吳景欽/真理大學法律系所副教授、刑事法研究中心主任
又有台北市議員(潘懷宗)、新北市議員(曾煥嘉),因涉嫌詐領公費助理薪資,並分別由法院裁定保釋、羈押。雖然,對於議員詐領助理費,也非什麼新鮮事,但令人疑惑的是,如此頻傳的事件,到底是議員真心想貪、抑或是制度使然?

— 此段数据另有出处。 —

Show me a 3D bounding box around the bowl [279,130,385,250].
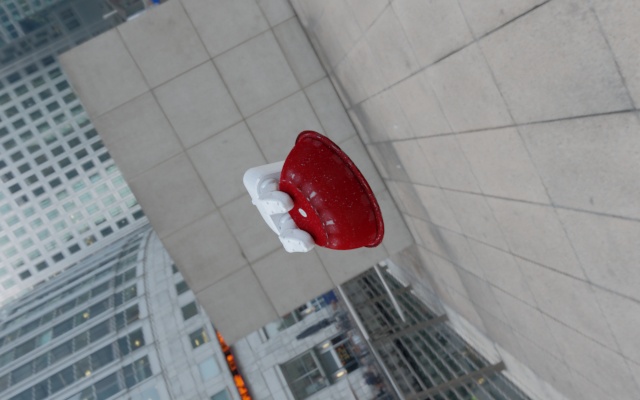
[{"bbox_3d":[0.000,0.002,0.555,0.055,0.162,0.162,-34,13,-21],"label":"bowl"}]
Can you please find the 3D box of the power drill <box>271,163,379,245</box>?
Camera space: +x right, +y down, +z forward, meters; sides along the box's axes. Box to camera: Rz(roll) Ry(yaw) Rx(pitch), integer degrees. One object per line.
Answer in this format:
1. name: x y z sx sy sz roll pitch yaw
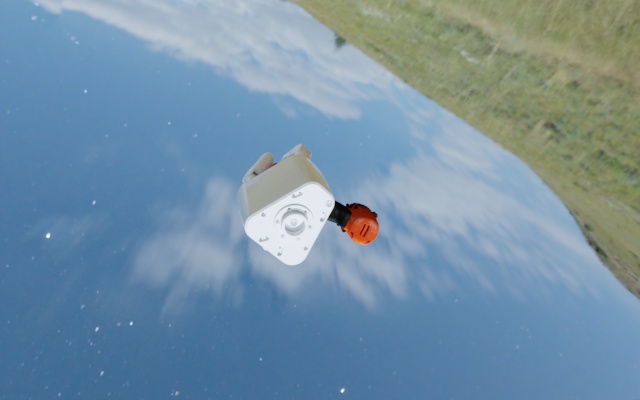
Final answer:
1. power drill: 0.000 0.002 0.755 0.187 0.057 0.184 24 3 -4
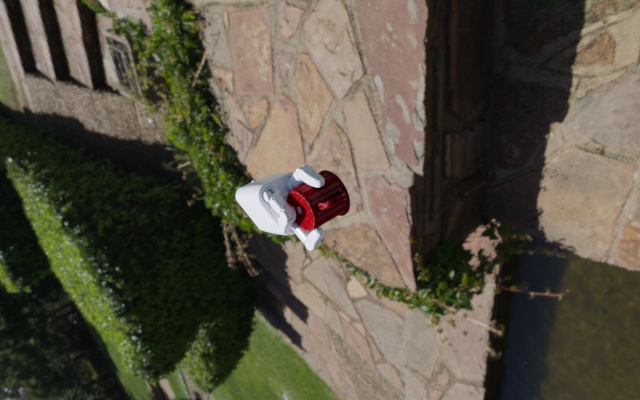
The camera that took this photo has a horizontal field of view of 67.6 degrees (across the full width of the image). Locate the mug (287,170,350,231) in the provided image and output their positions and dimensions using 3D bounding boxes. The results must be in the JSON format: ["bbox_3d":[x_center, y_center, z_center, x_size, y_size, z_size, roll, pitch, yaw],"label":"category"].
[{"bbox_3d":[0.001,0.003,0.855,0.081,0.093,0.117,-29,15,-32],"label":"mug"}]
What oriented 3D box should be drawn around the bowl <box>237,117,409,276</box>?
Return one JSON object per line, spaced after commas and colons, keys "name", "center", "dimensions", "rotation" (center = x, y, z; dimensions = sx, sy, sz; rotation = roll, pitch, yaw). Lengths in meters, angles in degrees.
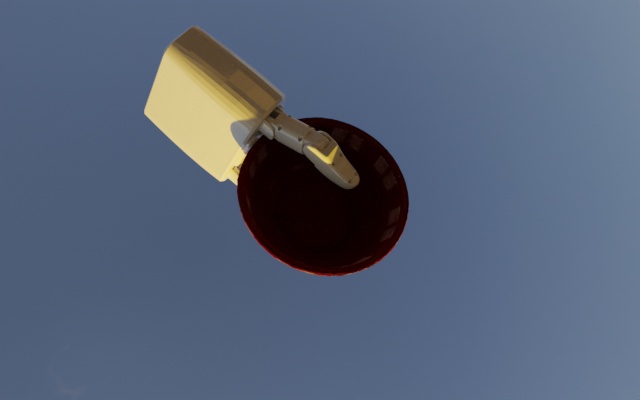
{"name": "bowl", "center": [0.001, 0.003, 0.462], "dimensions": [0.162, 0.162, 0.055], "rotation": [0, -25, -12]}
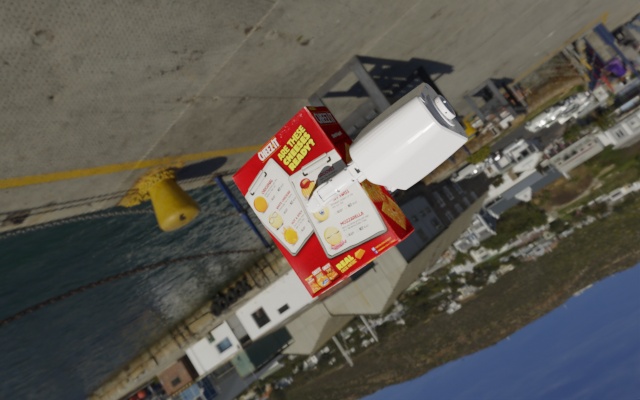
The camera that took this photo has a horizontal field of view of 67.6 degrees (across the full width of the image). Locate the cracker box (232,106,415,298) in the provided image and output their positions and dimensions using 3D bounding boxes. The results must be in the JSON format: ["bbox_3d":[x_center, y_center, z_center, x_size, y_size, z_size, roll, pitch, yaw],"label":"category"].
[{"bbox_3d":[0.000,0.002,0.668,0.164,0.213,0.072,-39,-9,29],"label":"cracker box"}]
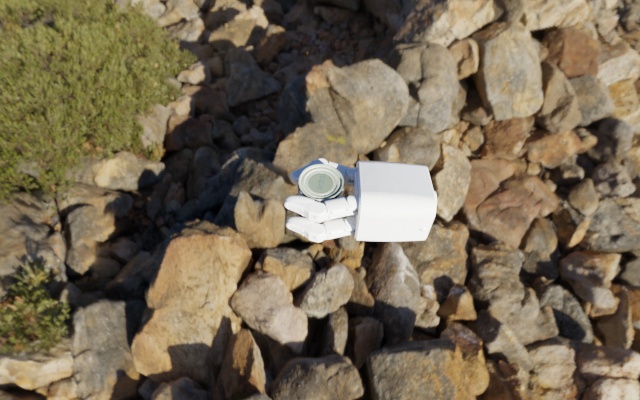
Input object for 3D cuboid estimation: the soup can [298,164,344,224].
[{"bbox_3d":[0.000,0.002,0.713,0.068,0.068,0.102,0,-35,-1],"label":"soup can"}]
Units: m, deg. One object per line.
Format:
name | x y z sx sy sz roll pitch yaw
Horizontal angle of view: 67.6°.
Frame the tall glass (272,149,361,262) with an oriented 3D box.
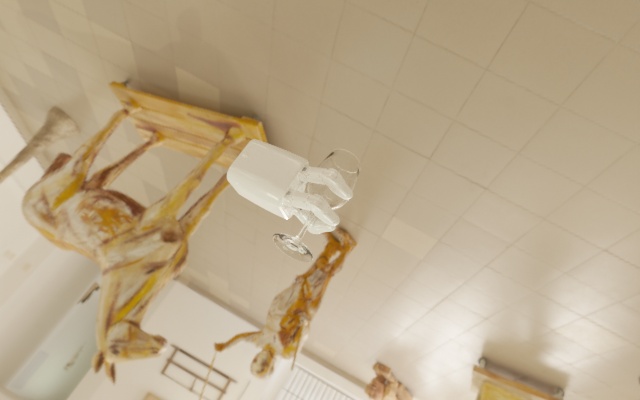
tall glass | 0.000 0.003 0.812 0.079 0.201 0.079 23 -31 15
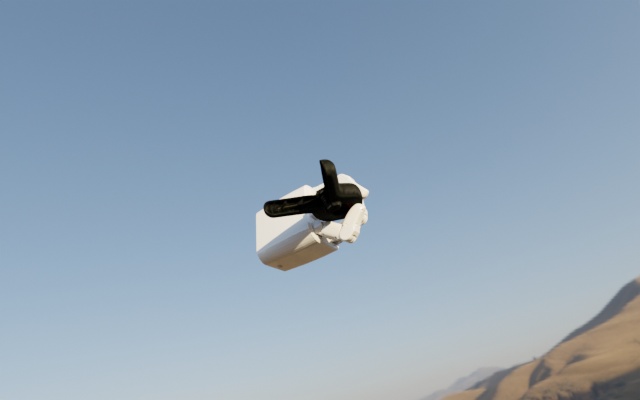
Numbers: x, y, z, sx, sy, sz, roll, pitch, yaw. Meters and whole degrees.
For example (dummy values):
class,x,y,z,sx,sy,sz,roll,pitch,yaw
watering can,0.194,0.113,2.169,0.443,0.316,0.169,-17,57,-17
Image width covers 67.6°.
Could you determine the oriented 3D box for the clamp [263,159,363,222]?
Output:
class,x,y,z,sx,sy,sz,roll,pitch,yaw
clamp,0.000,0.002,0.691,0.120,0.039,0.171,-26,-28,19
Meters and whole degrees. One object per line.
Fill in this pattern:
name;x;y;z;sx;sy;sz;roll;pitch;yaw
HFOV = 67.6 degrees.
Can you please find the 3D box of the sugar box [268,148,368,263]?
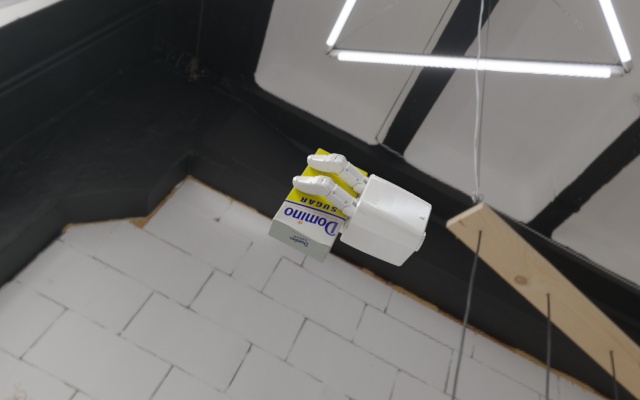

在1999年,《地方制度法》公布實施後,於隔年,立法院即通過「地方民意代表費用支給及村里長事務補助費補助條例」,關於議員的助理薪資,總算有了法律依據。而根據此條例第6條,直轄市議員每人得聘用公費助理6人至8人,縣市議員每人得聘用公費助理2人至4人,且每位議員助理費的總額不超過24萬元、每位助理的薪資上限則為8萬元。
議員已有為民服務預算
至於具體的核銷程序,法律並未明文,而是依據內政部的函示,以議員提供助理名單、薪資金額與其帳戶,並由議會直接撥款。由於議會不可能去實質審查所提資料的真假,尤其是議員服務的對象與事項,實屬多元與複雜,致難以查核助理是否為人頭。如此的結果,自然會帶來亂象叢生。
而若議員提供不實的公費助理資料,並因此將助理薪資納入私人口袋,就涉及《貪污治罪條例》第5條第1項第2款,法定刑為7年以上有期徒刑的公務員利用職務機會詐取財物之重罪,似無任何疑問。惟當議員被訴追且於司法程序提出,這些助理薪資乃用於為民服務並非為己所用之證據,能否因此擺脫罪責呢?
由於此等費用是屬助理而非議員的實質薪資,再加以「地方民意代表費用支給及村里長事務補助費補助條例」第5條第1項,議會亦須為議員編列為民服務費之預算,故兩者費用的性質與目的既不相同,自不能以事後非收入私有,即可因此免除刑責,致僅能為量刑審酌之因素。
法律規定無用人之彈性
只是隨著為民服務及法案提出的需求不斷增加,但在公費助理的法定名額有限下,若議員將每月24萬元的總額核銷完畢後,要求公費助理將其薪資投入大水庫為分配,以能使未納入公費,但實質為助理工作者,亦能領取薪水,是否亦會觸犯貪污重罪,就會產生疑問。而於司法實務,雖有以無意圖為自己不法所有及議員與助理屬僱佣關係為由,以來阻卻貪污罪之成立,卻也碰觸權力分立的紅線。
總之,議員詐領助理費用,無論是為個人私欲,抑或是為民服務,都凸顯現行制度必有缺失。尤其在法律明訂總額與人數下,實缺乏因地制宜之權衡,更無用人之彈性,致該為檢討與修正。